Given records:
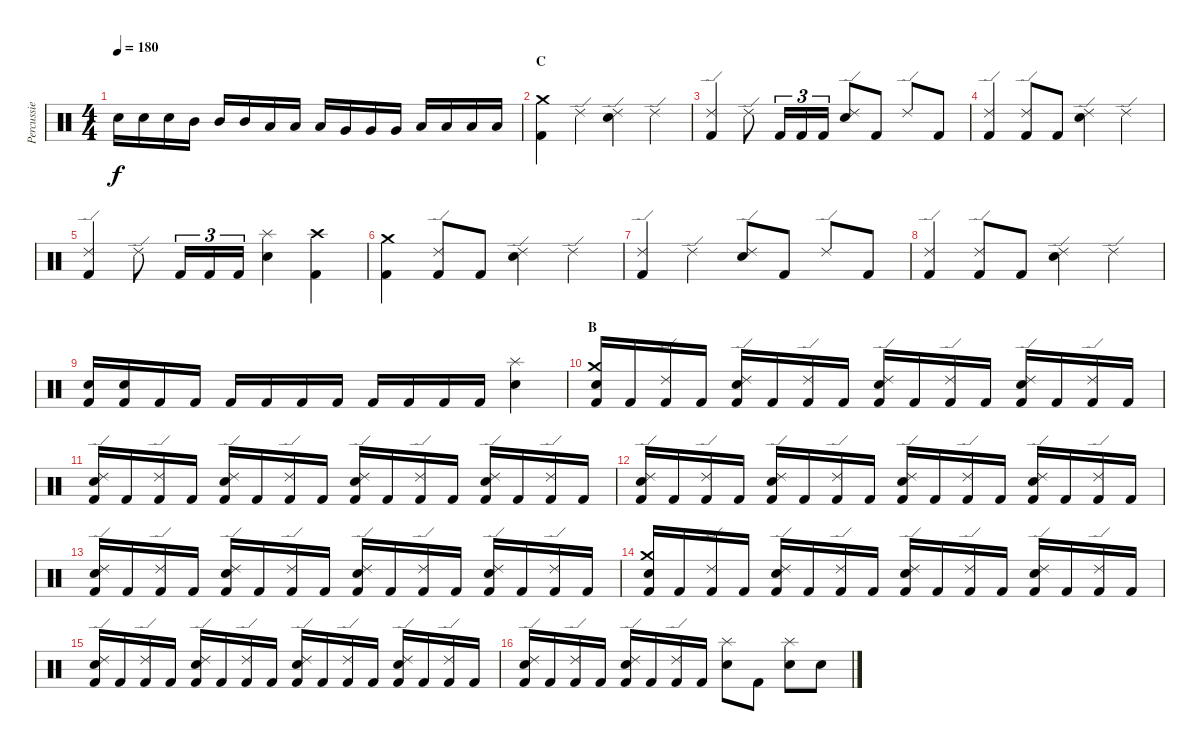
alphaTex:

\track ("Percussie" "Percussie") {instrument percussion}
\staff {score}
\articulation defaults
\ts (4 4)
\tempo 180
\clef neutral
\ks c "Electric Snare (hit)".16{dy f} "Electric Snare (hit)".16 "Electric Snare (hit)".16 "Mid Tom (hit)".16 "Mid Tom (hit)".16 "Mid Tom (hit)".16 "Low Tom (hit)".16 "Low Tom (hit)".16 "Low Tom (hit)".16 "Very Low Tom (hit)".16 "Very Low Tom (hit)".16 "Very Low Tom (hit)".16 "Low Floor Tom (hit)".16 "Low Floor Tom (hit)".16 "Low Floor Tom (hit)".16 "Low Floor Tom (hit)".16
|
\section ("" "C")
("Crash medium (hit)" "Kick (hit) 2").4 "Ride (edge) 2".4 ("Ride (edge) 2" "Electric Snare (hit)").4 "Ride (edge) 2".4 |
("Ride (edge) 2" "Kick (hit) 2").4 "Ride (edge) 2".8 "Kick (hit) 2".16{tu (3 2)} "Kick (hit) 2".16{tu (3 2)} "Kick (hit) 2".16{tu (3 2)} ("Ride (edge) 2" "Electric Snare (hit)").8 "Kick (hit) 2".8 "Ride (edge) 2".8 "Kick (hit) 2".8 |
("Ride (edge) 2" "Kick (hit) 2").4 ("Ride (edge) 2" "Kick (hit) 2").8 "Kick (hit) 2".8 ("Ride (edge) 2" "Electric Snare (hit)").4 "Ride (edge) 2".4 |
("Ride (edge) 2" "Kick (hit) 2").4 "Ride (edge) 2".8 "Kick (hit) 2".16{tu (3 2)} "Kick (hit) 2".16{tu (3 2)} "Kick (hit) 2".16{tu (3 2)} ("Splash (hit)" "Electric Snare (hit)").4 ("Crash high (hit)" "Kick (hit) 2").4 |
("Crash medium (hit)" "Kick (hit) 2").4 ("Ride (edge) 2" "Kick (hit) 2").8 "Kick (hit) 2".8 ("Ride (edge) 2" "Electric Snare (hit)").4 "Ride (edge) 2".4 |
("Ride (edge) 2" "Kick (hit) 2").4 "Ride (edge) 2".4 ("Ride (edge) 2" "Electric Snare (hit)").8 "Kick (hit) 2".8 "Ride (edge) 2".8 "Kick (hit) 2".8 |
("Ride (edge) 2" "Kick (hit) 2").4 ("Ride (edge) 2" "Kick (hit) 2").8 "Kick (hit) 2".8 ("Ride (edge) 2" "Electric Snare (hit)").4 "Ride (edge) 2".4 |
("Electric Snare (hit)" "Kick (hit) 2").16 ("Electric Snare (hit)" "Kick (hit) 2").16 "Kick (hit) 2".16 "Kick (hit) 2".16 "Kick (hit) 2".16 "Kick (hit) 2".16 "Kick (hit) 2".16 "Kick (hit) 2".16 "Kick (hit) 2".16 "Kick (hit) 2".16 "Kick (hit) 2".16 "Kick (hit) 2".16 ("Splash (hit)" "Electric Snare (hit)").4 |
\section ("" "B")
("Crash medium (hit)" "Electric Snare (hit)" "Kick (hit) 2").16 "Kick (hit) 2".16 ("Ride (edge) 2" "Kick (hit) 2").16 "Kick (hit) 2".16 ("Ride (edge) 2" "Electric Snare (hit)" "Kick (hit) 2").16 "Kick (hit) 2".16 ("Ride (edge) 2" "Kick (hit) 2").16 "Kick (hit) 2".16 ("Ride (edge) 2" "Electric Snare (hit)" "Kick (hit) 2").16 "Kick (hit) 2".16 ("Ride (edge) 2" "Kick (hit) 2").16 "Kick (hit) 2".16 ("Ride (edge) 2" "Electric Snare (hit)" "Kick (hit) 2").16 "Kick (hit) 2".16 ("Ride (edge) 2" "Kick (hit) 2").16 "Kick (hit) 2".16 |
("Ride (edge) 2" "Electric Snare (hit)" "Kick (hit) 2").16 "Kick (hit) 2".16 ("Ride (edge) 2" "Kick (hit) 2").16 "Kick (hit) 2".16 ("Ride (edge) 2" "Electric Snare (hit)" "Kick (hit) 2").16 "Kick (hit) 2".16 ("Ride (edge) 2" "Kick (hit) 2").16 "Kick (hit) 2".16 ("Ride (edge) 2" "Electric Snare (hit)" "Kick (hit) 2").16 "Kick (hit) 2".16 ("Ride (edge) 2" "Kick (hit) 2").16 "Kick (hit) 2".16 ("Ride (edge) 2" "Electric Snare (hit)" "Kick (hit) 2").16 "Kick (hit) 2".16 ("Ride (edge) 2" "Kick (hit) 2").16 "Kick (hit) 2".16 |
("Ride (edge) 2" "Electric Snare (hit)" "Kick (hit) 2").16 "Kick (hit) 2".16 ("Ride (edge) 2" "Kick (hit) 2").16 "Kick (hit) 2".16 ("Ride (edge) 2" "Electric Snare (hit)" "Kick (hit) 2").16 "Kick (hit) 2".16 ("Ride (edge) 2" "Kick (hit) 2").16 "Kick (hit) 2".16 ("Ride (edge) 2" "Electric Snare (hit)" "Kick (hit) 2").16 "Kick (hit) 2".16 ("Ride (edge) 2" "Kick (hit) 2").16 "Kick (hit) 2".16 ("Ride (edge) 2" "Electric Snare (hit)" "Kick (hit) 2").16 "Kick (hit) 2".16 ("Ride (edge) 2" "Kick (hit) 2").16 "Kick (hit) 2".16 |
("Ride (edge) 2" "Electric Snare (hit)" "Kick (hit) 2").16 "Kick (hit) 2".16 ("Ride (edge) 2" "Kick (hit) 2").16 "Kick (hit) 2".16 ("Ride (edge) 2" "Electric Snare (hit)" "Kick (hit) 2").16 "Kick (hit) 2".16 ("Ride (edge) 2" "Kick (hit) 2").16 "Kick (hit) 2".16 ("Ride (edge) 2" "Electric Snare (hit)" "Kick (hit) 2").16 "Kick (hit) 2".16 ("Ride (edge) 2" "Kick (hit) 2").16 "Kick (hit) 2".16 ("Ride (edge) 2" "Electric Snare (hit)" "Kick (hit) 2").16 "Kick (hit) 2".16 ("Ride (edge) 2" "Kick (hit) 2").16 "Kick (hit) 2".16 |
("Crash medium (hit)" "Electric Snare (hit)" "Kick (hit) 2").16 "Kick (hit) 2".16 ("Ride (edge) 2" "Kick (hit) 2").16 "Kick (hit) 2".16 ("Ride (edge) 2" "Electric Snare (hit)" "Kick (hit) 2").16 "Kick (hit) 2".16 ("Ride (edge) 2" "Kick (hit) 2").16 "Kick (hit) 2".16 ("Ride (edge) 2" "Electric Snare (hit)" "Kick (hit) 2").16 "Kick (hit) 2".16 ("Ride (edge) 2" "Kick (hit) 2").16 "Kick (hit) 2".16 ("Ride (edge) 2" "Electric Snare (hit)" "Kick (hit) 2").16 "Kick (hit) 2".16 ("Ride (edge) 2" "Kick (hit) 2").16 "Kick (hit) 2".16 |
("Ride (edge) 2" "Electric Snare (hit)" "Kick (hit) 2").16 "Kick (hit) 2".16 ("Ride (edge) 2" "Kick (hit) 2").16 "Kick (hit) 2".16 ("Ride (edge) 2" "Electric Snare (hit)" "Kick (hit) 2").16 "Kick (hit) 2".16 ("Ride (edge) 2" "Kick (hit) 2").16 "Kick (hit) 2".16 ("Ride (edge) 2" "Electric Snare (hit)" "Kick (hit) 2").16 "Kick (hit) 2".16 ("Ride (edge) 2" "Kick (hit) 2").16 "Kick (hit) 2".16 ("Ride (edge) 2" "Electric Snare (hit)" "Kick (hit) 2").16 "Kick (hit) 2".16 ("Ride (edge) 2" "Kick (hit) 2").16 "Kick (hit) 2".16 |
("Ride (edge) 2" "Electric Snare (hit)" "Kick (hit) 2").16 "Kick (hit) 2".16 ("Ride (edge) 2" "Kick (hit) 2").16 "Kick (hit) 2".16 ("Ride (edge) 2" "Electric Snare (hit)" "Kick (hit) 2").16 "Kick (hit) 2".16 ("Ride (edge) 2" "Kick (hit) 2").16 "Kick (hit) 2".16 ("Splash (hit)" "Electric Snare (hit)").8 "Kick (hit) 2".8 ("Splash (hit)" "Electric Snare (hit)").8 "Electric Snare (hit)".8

==

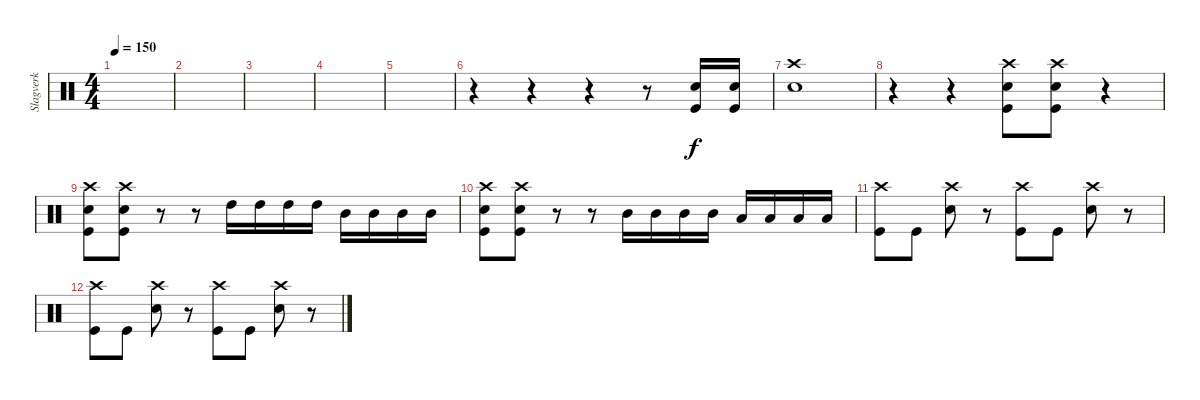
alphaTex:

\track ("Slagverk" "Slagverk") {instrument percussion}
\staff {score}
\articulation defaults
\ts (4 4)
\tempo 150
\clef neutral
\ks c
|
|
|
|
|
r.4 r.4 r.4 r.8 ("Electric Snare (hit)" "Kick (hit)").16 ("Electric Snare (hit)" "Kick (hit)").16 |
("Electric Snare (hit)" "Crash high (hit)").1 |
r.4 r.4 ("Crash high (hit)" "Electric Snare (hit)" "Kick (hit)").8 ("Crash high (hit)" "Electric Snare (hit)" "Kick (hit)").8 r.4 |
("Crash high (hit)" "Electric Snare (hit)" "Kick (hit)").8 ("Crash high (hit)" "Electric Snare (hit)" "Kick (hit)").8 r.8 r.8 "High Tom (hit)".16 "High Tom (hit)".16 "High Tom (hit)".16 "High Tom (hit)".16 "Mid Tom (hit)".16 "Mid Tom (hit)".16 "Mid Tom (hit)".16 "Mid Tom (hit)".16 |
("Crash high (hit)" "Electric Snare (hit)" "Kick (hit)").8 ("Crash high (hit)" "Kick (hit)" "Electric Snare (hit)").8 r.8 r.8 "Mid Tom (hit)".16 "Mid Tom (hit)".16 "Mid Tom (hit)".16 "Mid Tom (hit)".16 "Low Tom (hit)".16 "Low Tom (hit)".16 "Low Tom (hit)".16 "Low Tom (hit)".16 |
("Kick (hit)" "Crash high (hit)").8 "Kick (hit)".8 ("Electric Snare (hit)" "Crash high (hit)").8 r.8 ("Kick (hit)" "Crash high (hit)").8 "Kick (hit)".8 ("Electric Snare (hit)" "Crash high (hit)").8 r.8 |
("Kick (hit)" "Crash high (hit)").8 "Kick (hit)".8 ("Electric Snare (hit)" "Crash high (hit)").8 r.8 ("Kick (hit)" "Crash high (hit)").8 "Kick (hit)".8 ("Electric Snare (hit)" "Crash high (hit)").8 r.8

Exercise details: I need every line of the material that includes "percussion", so please copy them out.

Solution:
\track ("Percussie" "Percussie") {instrument percussion}
\track ("Slagverk" "Slagverk") {instrument percussion}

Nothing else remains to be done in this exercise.